That’s the case that former White House strategist Steve Bannon is making as a guest in Toronto’s Roy Thomson Hall tonight as part of the prestigious semi-annual Munk Debates. It’s the perfect venue for the former Trump official to reaffirm his international ambitions – to create a global platform for populists spanning from Brussels to Brazil.
His appearance comes when the global liberal order is under assault, with a clear rise of nationalists at the polls and authoritarian leaders nipping at the institutions and norms in place since World War II. Mr. Bannon’s world tour heightens insecurities and anxieties, as no one knows whether something more ominous will emerge to replace or redefine the current order. And his Toronto visit has touched off a firestorm over whether giving him a platform promotes hate or serves as an exercise in free speech.
Yet overshadowed by the protest over democratic principles lie doubts about whether his ideas stand any chance of coalescing – if populists and their followers have any need or capacity to band together, particularly under an American umbrella.
In Europe, where he’s gone the farthest with a group called The Movement, a meeting point for populists that is to officially launch in January, Bannon has been met with mixed reviews. There are some leaders, like Matteo Salvini in Italy, who are seizing on the cachet of a person behind the rise of Trump. But others see him as an outsider, attempting to pull right-wing populists together where so many at the European level have failed.

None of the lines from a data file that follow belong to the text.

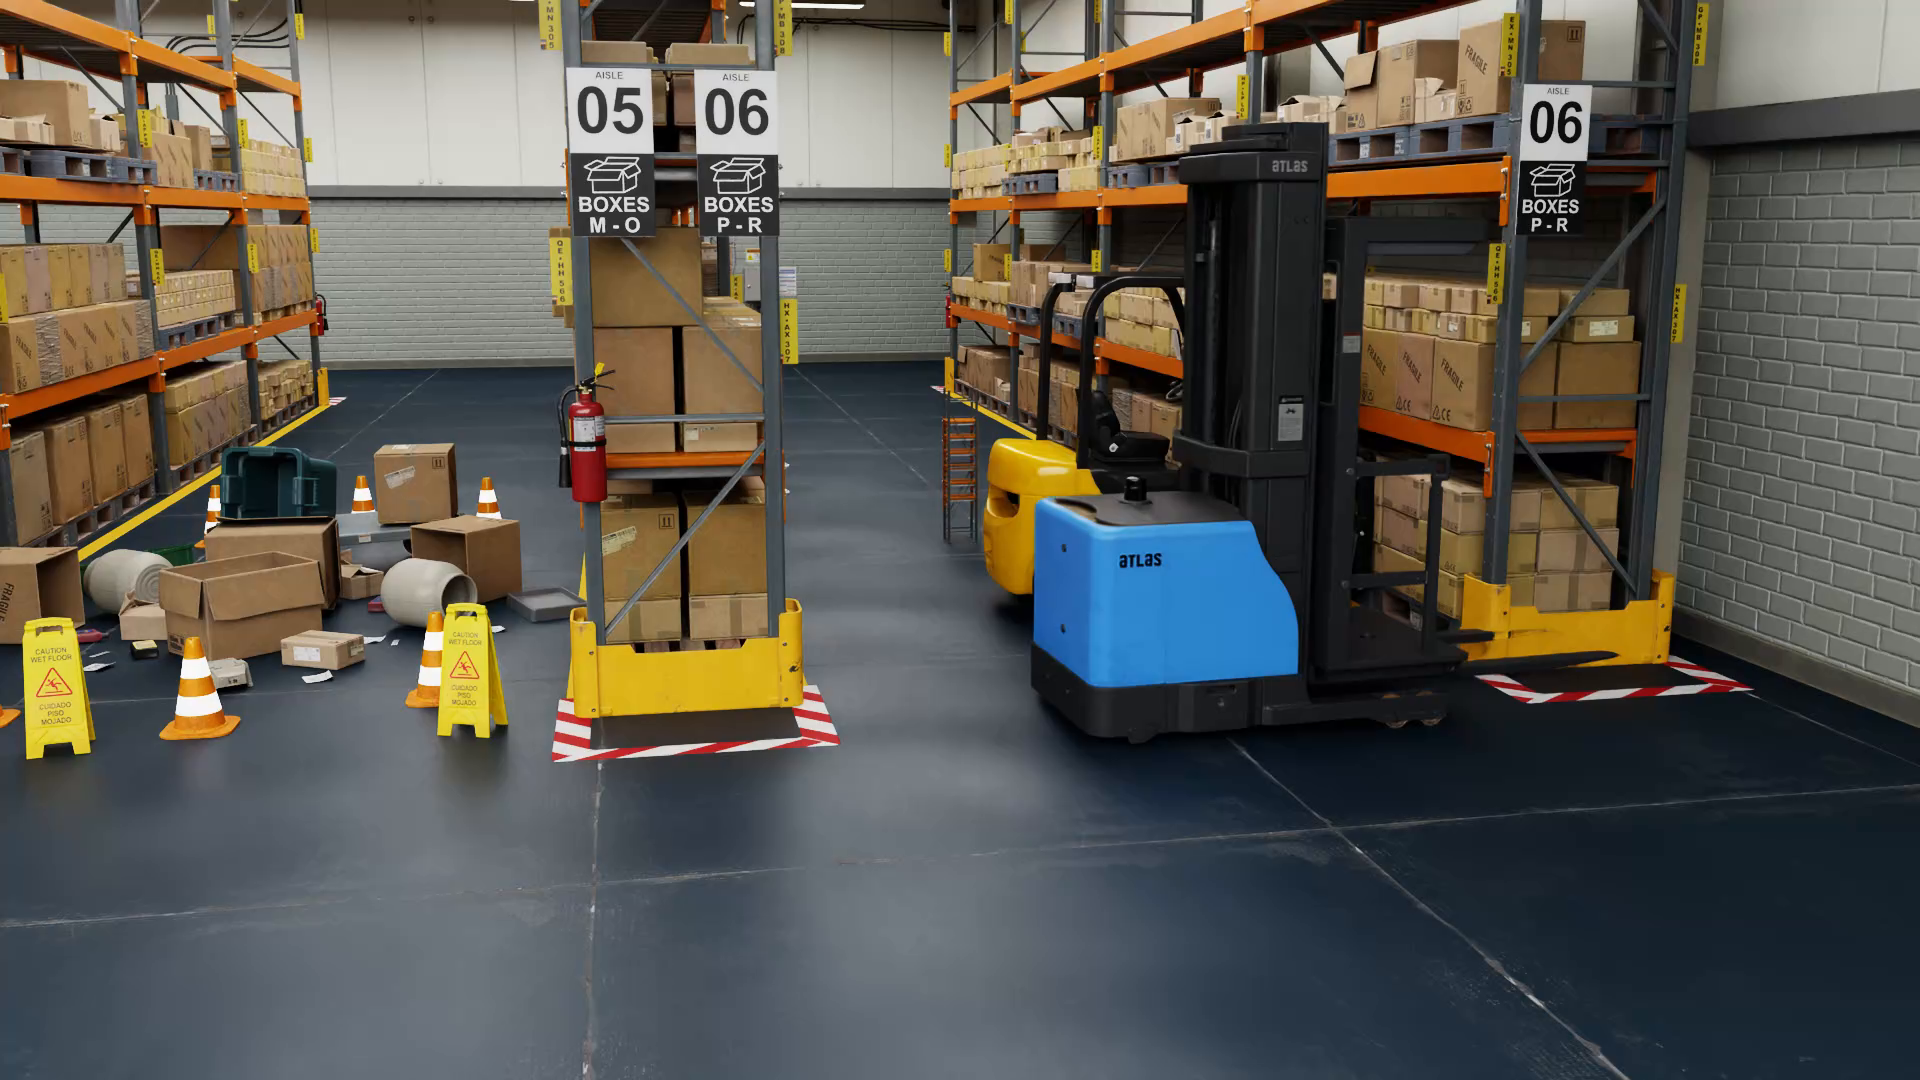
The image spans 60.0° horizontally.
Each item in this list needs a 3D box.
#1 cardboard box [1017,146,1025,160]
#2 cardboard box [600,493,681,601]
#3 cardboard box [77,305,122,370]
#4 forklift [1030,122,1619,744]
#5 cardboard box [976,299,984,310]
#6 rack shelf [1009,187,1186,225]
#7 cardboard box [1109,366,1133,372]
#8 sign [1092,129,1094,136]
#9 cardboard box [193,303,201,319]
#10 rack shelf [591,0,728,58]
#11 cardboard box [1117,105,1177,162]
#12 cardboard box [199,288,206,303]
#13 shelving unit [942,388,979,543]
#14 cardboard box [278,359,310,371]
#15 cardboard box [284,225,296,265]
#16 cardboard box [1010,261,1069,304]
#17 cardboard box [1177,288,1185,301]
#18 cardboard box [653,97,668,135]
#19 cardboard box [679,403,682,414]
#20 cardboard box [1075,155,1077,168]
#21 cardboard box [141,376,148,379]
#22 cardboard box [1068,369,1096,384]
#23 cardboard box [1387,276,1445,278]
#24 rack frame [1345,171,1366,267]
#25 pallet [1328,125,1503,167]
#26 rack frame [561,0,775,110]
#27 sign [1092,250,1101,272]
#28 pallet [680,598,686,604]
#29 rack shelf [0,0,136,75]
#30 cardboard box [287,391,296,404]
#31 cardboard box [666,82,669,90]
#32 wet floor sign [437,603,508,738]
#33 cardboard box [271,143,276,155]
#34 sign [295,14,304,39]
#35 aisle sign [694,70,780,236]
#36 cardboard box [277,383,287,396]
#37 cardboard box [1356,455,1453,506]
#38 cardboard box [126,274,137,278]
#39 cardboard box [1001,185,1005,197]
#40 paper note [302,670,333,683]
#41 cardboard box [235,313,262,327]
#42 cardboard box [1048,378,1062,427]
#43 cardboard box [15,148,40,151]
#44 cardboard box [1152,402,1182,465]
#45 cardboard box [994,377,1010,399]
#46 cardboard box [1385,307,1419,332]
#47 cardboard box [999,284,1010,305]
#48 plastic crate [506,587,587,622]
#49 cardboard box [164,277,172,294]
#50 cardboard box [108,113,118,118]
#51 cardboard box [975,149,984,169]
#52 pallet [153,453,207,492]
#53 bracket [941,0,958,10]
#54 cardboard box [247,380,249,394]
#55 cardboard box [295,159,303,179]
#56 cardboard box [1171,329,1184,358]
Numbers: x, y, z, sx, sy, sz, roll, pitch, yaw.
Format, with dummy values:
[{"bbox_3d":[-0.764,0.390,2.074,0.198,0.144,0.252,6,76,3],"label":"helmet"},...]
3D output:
[{"bbox_3d":[0.891,-4.574,19.669,0.380,0.149,0.250,-2,11,-12],"label":"cardboard box"},{"bbox_3d":[-1.812,0.033,9.225,0.500,0.500,0.500,-2,11,-11],"label":"cardboard box"},{"bbox_3d":[-7.249,-1.667,13.666,0.500,0.500,0.500,-2,11,-12],"label":"cardboard box"},{"bbox_3d":[1.947,-0.597,8.493,3.031,2.935,1.130,-3,11,-15],"label":"forklift"},{"bbox_3d":[0.423,-3.242,22.878,0.380,0.149,0.250,-2,11,-10],"label":"cardboard box"},{"bbox_3d":[1.523,-3.741,18.730,1.077,0.370,4.000,-2,11,-11],"label":"rack shelf"},{"bbox_3d":[1.812,-1.893,18.948,0.380,0.149,0.250,-2,11,-11],"label":"cardboard box"},{"bbox_3d":[1.677,-4.929,20.614,0.100,0.325,0.005,-2,11,-11],"label":"sign"},{"bbox_3d":[-7.991,-2.337,17.003,0.380,0.149,0.250,-2,11,-13],"label":"cardboard box"},{"bbox_3d":[-2.568,-4.103,13.680,1.077,0.370,4.000,-2,11,-11],"label":"rack shelf"},{"bbox_3d":[1.813,-3.890,15.933,0.500,0.500,0.500,-2,11,-11],"label":"cardboard box"},{"bbox_3d":[-8.039,-2.529,17.216,0.380,0.149,0.250,-2,11,-11],"label":"cardboard box"},{"bbox_3d":[0.003,-0.587,13.070,0.258,1.200,0.189,-2,11,-11],"label":"shelving unit"},{"bbox_3d":[-8.997,-2.352,22.440,0.380,0.149,0.250,-2,11,-10],"label":"cardboard box"},{"bbox_3d":[-8.807,-3.765,21.218,0.500,0.500,0.500,-2,11,-8],"label":"cardboard box"},{"bbox_3d":[1.008,-3.146,20.313,0.700,0.500,0.500,-2,11,-10],"label":"cardboard box"},{"bbox_3d":[2.128,-2.176,14.604,0.380,0.149,0.250,-2,11,-11],"label":"cardboard box"},{"bbox_3d":[-1.848,-2.328,8.990,0.500,0.250,0.500,-2,11,-12],"label":"cardboard box"},{"bbox_3d":[-1.497,-0.790,9.997,0.380,0.149,0.250,-2,11,-9],"label":"cardboard box"},{"bbox_3d":[1.458,-4.095,18.000,0.380,0.149,0.250,-2,11,-11],"label":"cardboard box"},{"bbox_3d":[-8.375,-1.523,16.731,0.500,0.250,0.500,-2,11,-10],"label":"cardboard box"},{"bbox_3d":[1.420,-1.827,18.600,0.380,0.149,0.250,-2,11,-12],"label":"cardboard box"},{"bbox_3d":[3.262,-1.799,11.829,0.380,0.149,0.250,-2,11,-12],"label":"cardboard box"},{"bbox_3d":[2.689,-1.520,13.161,1.000,3.000,0.127,-2,11,-11],"label":"rack frame"},{"bbox_3d":[3.115,-2.572,10.899,1.003,0.211,1.213,-2,11,-11],"label":"pallet"},{"bbox_3d":[-1.401,-3.553,7.794,1.000,3.000,0.127,-2,11,-11],"label":"rack frame"},{"bbox_3d":[1.381,-2.762,16.802,0.100,0.325,0.005,-2,11,-11],"label":"sign"},{"bbox_3d":[-1.773,0.377,10.652,1.003,0.211,1.213,-2,11,-11],"label":"pallet"},{"bbox_3d":[-7.404,-3.905,12.637,1.077,0.370,4.000,-2,11,-11],"label":"rack shelf"},{"bbox_3d":[-8.720,-1.823,21.254,0.380,0.149,0.250,-2,11,-10],"label":"cardboard box"},{"bbox_3d":[-1.685,-2.840,10.613,0.380,0.149,0.250,-2,11,-12],"label":"cardboard box"},{"bbox_3d":[-2.413,0.625,8.188,0.267,0.644,0.232,2,11,9],"label":"wet floor sign"},{"bbox_3d":[-8.718,-4.849,20.628,0.380,0.149,0.250,-2,11,-13],"label":"cardboard box"},{"bbox_3d":[-8.800,-6.842,22.153,0.100,0.325,0.005,-2,11,-11],"label":"sign"},{"bbox_3d":[-1.085,-1.882,8.112,0.394,0.787,0.004,-2,11,-11],"label":"aisle sign"},{"bbox_3d":[-8.614,-1.874,20.725,0.380,0.149,0.250,-2,11,-11],"label":"cardboard box"},{"bbox_3d":[2.859,-0.392,10.791,0.500,0.250,0.500,-2,11,-10],"label":"cardboard box"},{"bbox_3d":[-8.693,-2.657,17.091,0.380,0.149,0.250,-2,11,-9],"label":"cardboard box"},{"bbox_3d":[0.729,-4.438,21.140,0.380,0.149,0.250,-2,11,-11],"label":"cardboard box"},{"bbox_3d":[-3.537,0.752,9.163,0.148,0.019,0.142,-6,13,-31],"label":"paper note"},{"bbox_3d":[-8.305,-2.548,19.234,0.380,0.149,0.250,-2,11,-9],"label":"cardboard box"},{"bbox_3d":[1.308,-1.585,19.062,0.500,0.500,0.500,-3,11,-13],"label":"cardboard box"},{"bbox_3d":[-7.770,-3.297,13.483,0.500,0.250,0.500,-2,11,-9],"label":"cardboard box"},{"bbox_3d":[2.285,-0.936,15.318,0.875,0.625,0.625,-3,11,-13],"label":"cardboard box"},{"bbox_3d":[0.668,-2.008,21.911,0.396,0.266,0.258,-2,11,-9],"label":"cardboard box"},{"bbox_3d":[2.921,-1.397,10.509,0.380,0.149,0.250,-2,11,-13],"label":"cardboard box"},{"bbox_3d":[0.795,-3.144,21.301,0.500,0.250,0.500,-2,11,-10],"label":"cardboard box"},{"bbox_3d":[-2.678,0.413,10.813,0.402,0.080,0.583,-6,13,-31],"label":"plastic crate"},{"bbox_3d":[-7.791,-2.435,15.927,0.380,0.149,0.250,-2,11,-11],"label":"cardboard box"},{"bbox_3d":[-8.396,-4.073,16.235,0.396,0.266,0.258,-2,11,-11],"label":"cardboard box"},{"bbox_3d":[0.496,-5.143,22.444,0.500,0.250,0.500,-2,11,-9],"label":"cardboard box"},{"bbox_3d":[-7.943,-0.648,16.035,1.003,0.211,1.213,-2,11,-11],"label":"pallet"},{"bbox_3d":[-0.175,-9.462,29.213,0.235,0.232,0.430,-2,11,-11],"label":"bracket"},{"bbox_3d":[-8.434,-1.777,19.418,0.380,0.149,0.250,-2,11,-9],"label":"cardboard box"},{"bbox_3d":[-9.009,-4.912,22.021,0.500,0.250,0.500,-2,11,-13],"label":"cardboard box"},{"bbox_3d":[2.165,-1.714,14.579,0.500,0.250,0.500,-2,11,-11],"label":"cardboard box"}]

“A lot of these nationalists in Europe are fairly anti-American. The last thing they need is an American busybody trying to organize them,” says Stefan Lehne, a visiting scholar at Carnegie Europe in Brussels who focuses on relations between the EU and member states. “I think what is true is you have rise of populist parties, in North America, in many parts of Europe, in other parts of the world. This has to do with globalization, the responses to it, migration, and other other issues.
“You do have a rise of populism,” Mr. Lehne says. “What you do not have is a populist movement.”
Bannon’s emergence on the international stage is impeccable in timing, just when mainstream parties from the Americas to Asia are losing voter support. Angela Merkel, Germany’s chancellor and a linchpin of the European Union, said this week she will step down as party leader amid disastrous electoral results for her Christian Democratic party.
Ian Bremmer, founder of risk consultancy firm Eurasia Group in New York, calls it a period of “geopolitical recession” that has been exacerbated by President Trump, but began before he took office, with the rise of China, the failure to align Russia with the West, and voter disillusionment in the West amid economic and cultural change.
“Clearly right now the momentum in democracies around the world is with the nationalists, and not with the globalists or the pro-globalization forces,” says Mr. Bremmer.
The shift in politics comes amid polarization that has deepened divisions and, at its worst, turned deadly – most recently at a Pittsburgh synagogue. It also comes as anxieties are heightened about the repercussions of hateful rhetoric, after pipe bombs were sent via mail to Democratic leaders and supporters in the US.
Bannon has become an outcast in many circles in the US. Recent events ahead of the US midterm elections have seen him pull in attendance in the low double digits. But his former position in the Trump inner circle has given him clout internationally.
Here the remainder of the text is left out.